## Records to process
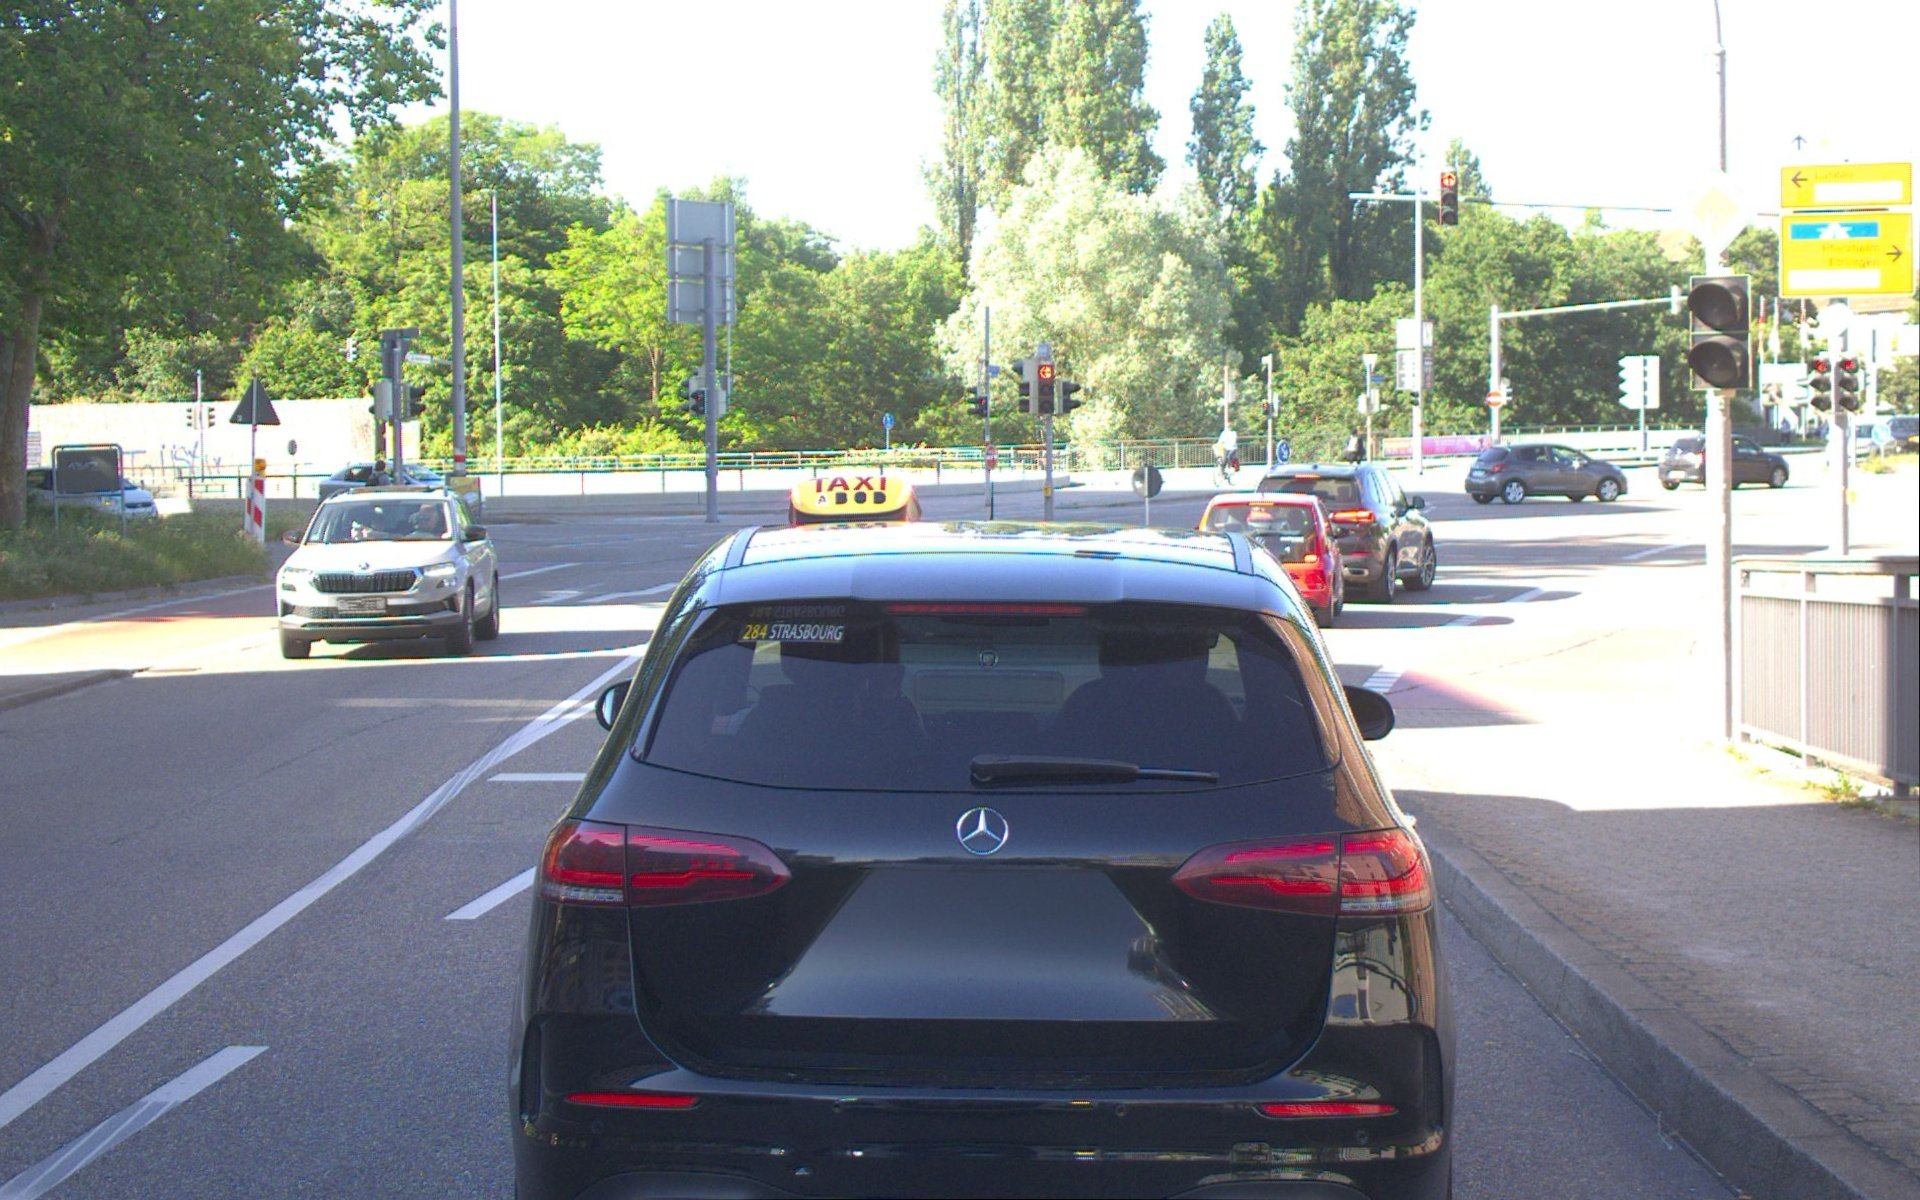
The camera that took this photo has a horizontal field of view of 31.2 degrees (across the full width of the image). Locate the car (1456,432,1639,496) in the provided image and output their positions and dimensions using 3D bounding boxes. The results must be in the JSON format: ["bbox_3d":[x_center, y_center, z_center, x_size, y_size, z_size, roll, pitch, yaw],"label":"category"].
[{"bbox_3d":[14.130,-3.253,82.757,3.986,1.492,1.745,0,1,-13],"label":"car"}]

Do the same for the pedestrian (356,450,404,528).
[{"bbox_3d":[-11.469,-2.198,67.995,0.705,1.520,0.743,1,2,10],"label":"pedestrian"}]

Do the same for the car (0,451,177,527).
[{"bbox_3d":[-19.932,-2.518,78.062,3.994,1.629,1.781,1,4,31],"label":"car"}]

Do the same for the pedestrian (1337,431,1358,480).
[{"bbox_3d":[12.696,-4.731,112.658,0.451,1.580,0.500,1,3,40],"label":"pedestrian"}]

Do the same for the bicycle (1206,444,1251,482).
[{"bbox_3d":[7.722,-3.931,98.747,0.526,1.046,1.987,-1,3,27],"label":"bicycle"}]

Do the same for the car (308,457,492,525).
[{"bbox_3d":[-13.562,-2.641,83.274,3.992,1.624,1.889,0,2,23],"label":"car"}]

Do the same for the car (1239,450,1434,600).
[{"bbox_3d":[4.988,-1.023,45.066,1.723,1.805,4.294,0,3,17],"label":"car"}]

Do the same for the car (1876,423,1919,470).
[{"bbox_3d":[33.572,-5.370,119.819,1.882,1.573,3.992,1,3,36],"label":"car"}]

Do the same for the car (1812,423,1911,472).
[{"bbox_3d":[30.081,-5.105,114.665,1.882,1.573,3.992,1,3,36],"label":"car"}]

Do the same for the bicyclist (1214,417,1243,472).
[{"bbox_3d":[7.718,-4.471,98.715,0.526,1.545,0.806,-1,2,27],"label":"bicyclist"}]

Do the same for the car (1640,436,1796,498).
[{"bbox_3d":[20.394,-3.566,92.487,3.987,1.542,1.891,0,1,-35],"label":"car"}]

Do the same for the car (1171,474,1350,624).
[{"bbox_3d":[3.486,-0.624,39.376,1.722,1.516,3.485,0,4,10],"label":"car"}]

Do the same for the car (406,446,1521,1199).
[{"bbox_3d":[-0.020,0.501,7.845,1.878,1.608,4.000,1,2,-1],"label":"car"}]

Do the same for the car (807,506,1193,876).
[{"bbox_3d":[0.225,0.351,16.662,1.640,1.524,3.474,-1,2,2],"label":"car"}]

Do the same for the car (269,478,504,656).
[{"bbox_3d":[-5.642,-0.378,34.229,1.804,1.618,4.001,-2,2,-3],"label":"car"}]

## Problem details
Would you output the data above exactly as written, but with no images?

## Reply
The camera that took this photo has a horizontal field of view of 31.2 degrees (across the full width of the image). Locate the car (1456,432,1639,496) in the provided image and output their positions and dimensions using 3D bounding boxes. The results must be in the JSON format: ["bbox_3d":[x_center, y_center, z_center, x_size, y_size, z_size, roll, pitch, yaw],"label":"category"].
[{"bbox_3d":[14.130,-3.253,82.757,3.986,1.492,1.745,0,1,-13],"label":"car"}]

Do the same for the pedestrian (356,450,404,528).
[{"bbox_3d":[-11.469,-2.198,67.995,0.705,1.520,0.743,1,2,10],"label":"pedestrian"}]

Do the same for the car (0,451,177,527).
[{"bbox_3d":[-19.932,-2.518,78.062,3.994,1.629,1.781,1,4,31],"label":"car"}]

Do the same for the pedestrian (1337,431,1358,480).
[{"bbox_3d":[12.696,-4.731,112.658,0.451,1.580,0.500,1,3,40],"label":"pedestrian"}]

Do the same for the bicycle (1206,444,1251,482).
[{"bbox_3d":[7.722,-3.931,98.747,0.526,1.046,1.987,-1,3,27],"label":"bicycle"}]

Do the same for the car (308,457,492,525).
[{"bbox_3d":[-13.562,-2.641,83.274,3.992,1.624,1.889,0,2,23],"label":"car"}]

Do the same for the car (1239,450,1434,600).
[{"bbox_3d":[4.988,-1.023,45.066,1.723,1.805,4.294,0,3,17],"label":"car"}]

Do the same for the car (1876,423,1919,470).
[{"bbox_3d":[33.572,-5.370,119.819,1.882,1.573,3.992,1,3,36],"label":"car"}]

Do the same for the car (1812,423,1911,472).
[{"bbox_3d":[30.081,-5.105,114.665,1.882,1.573,3.992,1,3,36],"label":"car"}]

Do the same for the bicyclist (1214,417,1243,472).
[{"bbox_3d":[7.718,-4.471,98.715,0.526,1.545,0.806,-1,2,27],"label":"bicyclist"}]

Do the same for the car (1640,436,1796,498).
[{"bbox_3d":[20.394,-3.566,92.487,3.987,1.542,1.891,0,1,-35],"label":"car"}]

Do the same for the car (1171,474,1350,624).
[{"bbox_3d":[3.486,-0.624,39.376,1.722,1.516,3.485,0,4,10],"label":"car"}]

Do the same for the car (406,446,1521,1199).
[{"bbox_3d":[-0.020,0.501,7.845,1.878,1.608,4.000,1,2,-1],"label":"car"}]

Do the same for the car (807,506,1193,876).
[{"bbox_3d":[0.225,0.351,16.662,1.640,1.524,3.474,-1,2,2],"label":"car"}]

Do the same for the car (269,478,504,656).
[{"bbox_3d":[-5.642,-0.378,34.229,1.804,1.618,4.001,-2,2,-3],"label":"car"}]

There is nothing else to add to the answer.